Neuronal Dynamics during Epilectic Seizures

Epilepsy is a neurological disorder that affects more than 2 million people in United States alone and 65 million cases worldwide, and it manifests as spontaneous seizures, which usually involve loss of consciousness and stiffening/jerking of limbs. While some patients benefit from pharmacotherapy, about 30% of the patient population does not find improvement by these drugs. One effective way of improving their quality of life is to warn the patient when a seizure is likely to occur. To provide such timely warnings, efficient seizure prediction algorithms are required. Many groups have tried to develop these by using EEG signals with little success. Our research aims to meet this scientific need by studying the spiking activity of individual neurons and the local EEG before a local network is recruited into a seizure.
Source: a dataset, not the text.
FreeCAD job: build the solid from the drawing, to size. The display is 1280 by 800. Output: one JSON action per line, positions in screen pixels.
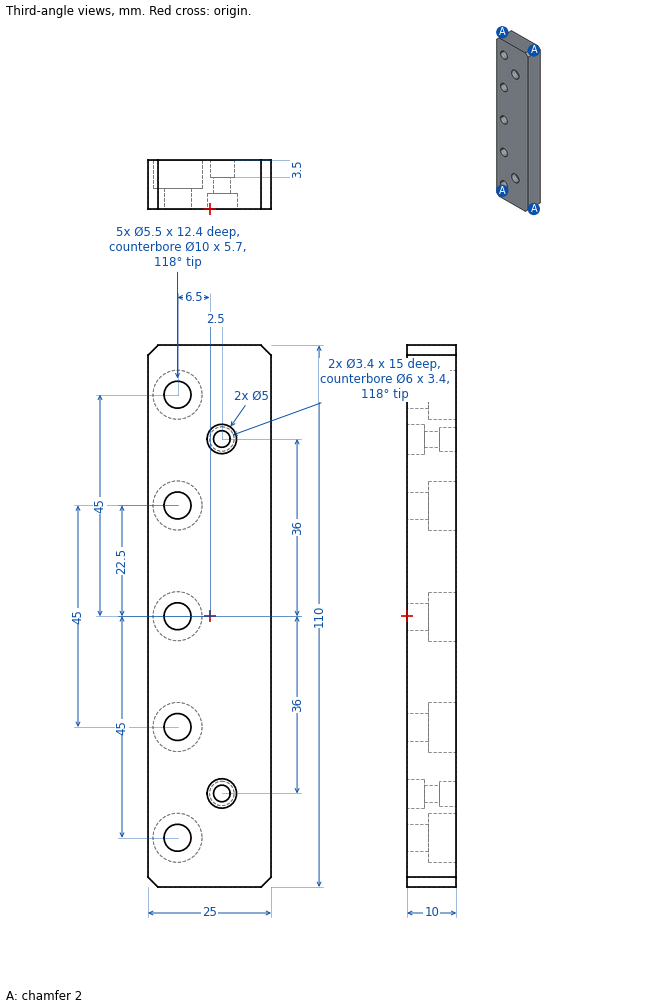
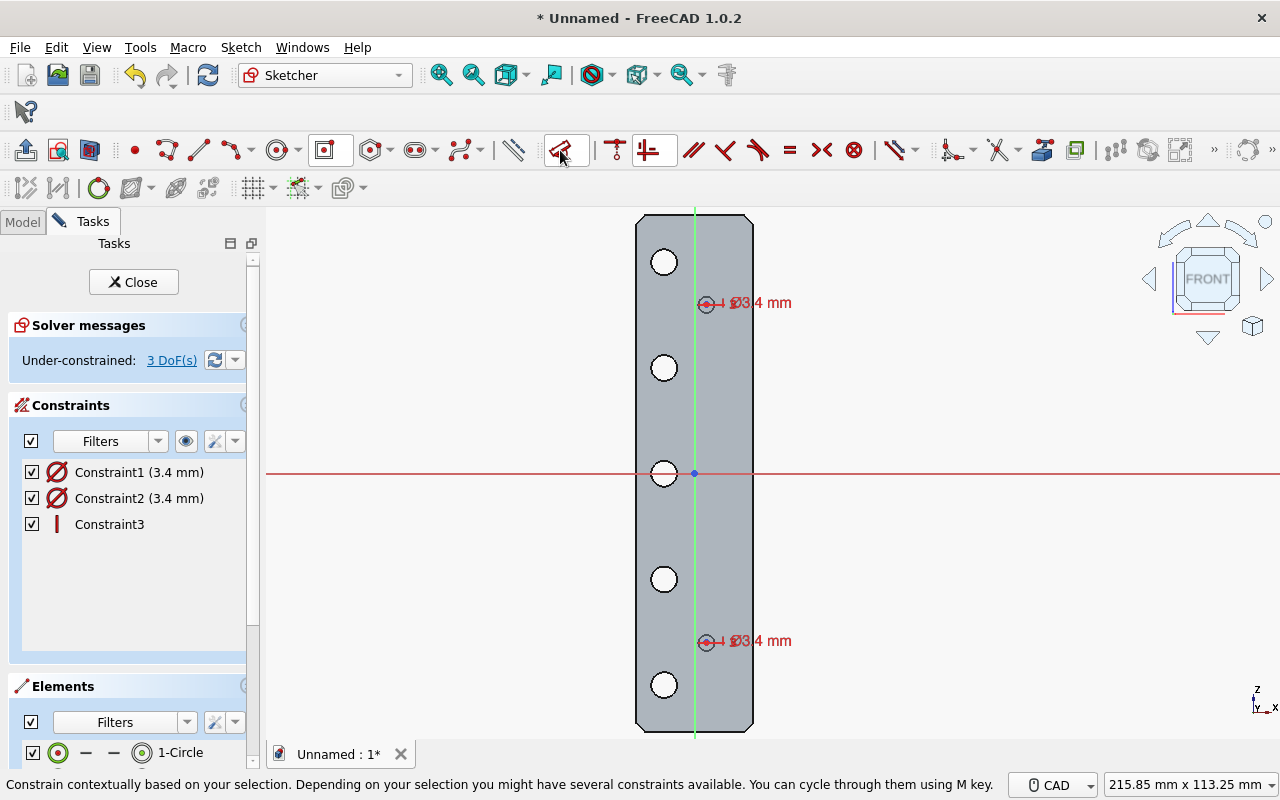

Our publications (Grasse et al, 2013 & Karunakaran et al, 2012) identify these neuronal changes in hippocampus during the transition to seizures in chronic epilepsy and status epilepticus respectively.

Once reliable markers for predicting seizures are identified, they can be used to provide patient alerts or electrical stimulus to abort these seizures. The ultimate goal of this project is to design a closed-loop implantable device that can record neural activity from the brain, analyze the data, predict seizure timing, and automatically deliver electrical stimulus to abort seizures.